Very interesting, thanks for posting. Where did the reproduction part come from?


----------



## island schwinn (Jul 23, 2016)

I think with so many original pieces still available,why use a repo Chinese piece?I would rather spend some time straightening and cleaning an original part.


----------



## SirMike1983 (Jul 23, 2016)

Metacortex said:


> Very interesting, thanks for posting. Where did the reproduction part come from?





island schwinn said:


> I think with so many original pieces still available,why use a repo Chinese piece?I would rather spend some time straightening and cleaning an original part.




This is one sold by Memory Lane Classics and it's not a bad part, even if it's a reproduction and not quite as nice as the original. I ran one of these on a custom bike project for awhile, and it did fine. It was not as nice as an original, but I had one sitting in a box in my shed, and it did alright in the drive train.

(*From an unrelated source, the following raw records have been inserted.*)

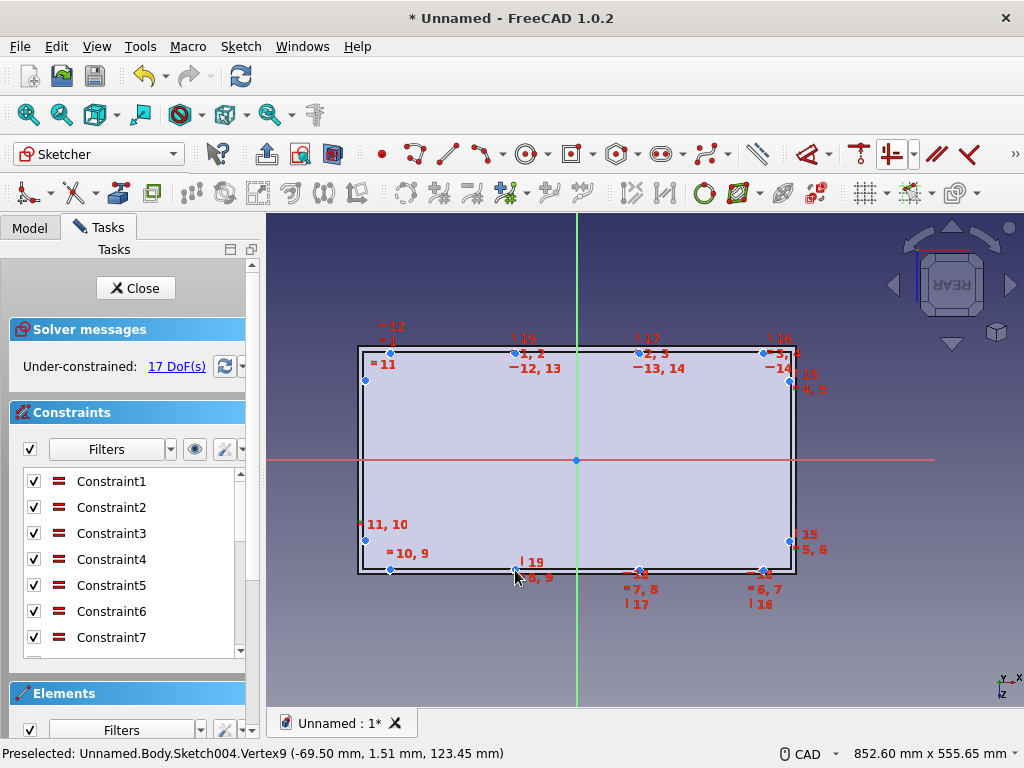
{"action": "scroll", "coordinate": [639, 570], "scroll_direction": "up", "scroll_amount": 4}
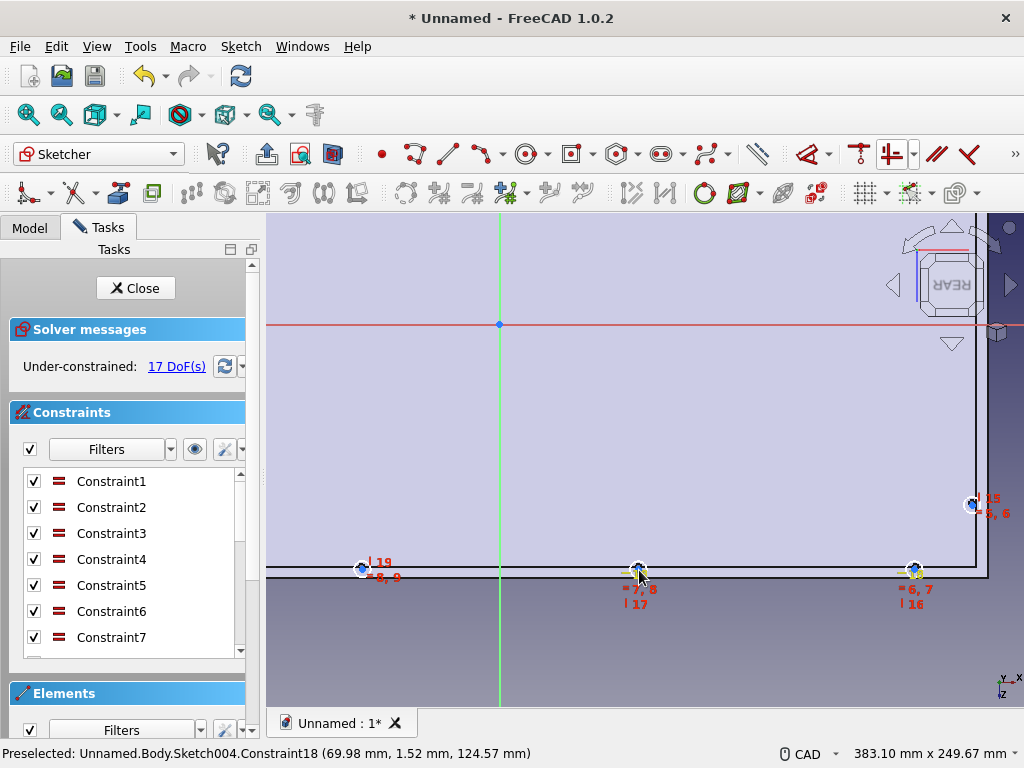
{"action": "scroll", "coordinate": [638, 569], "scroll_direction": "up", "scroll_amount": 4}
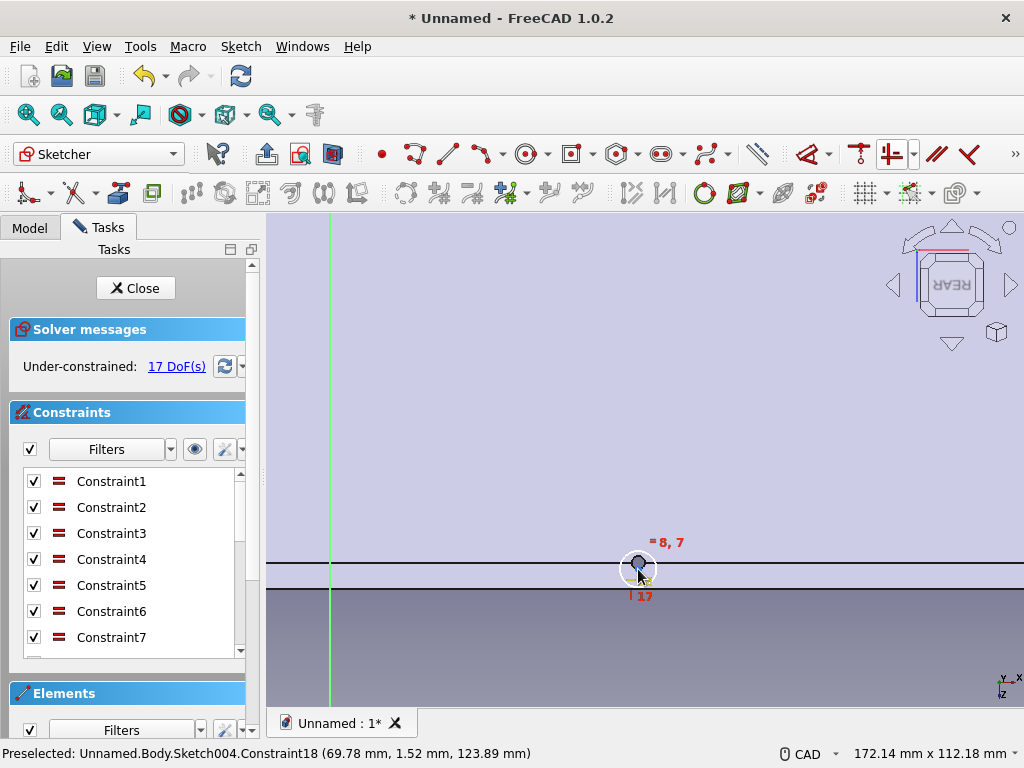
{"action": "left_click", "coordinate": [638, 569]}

Why use one? Some people just want a drop-in part that will work reasonably well. Some with old bikes live in apartments and don't work on the bikes. I see 1970s-era Schwinns used as commuters up in the city, with an array of reproduction parts on them. Some of those parts really are junk, and some aren't that bad.  

It's true that the clover sprockets are cheap and plentiful still. But is that always going to be the case? It reminds me of how people chopped Model T cars back in the day, even though today classic car buffs would kill for an original Tin Lizzy.


----------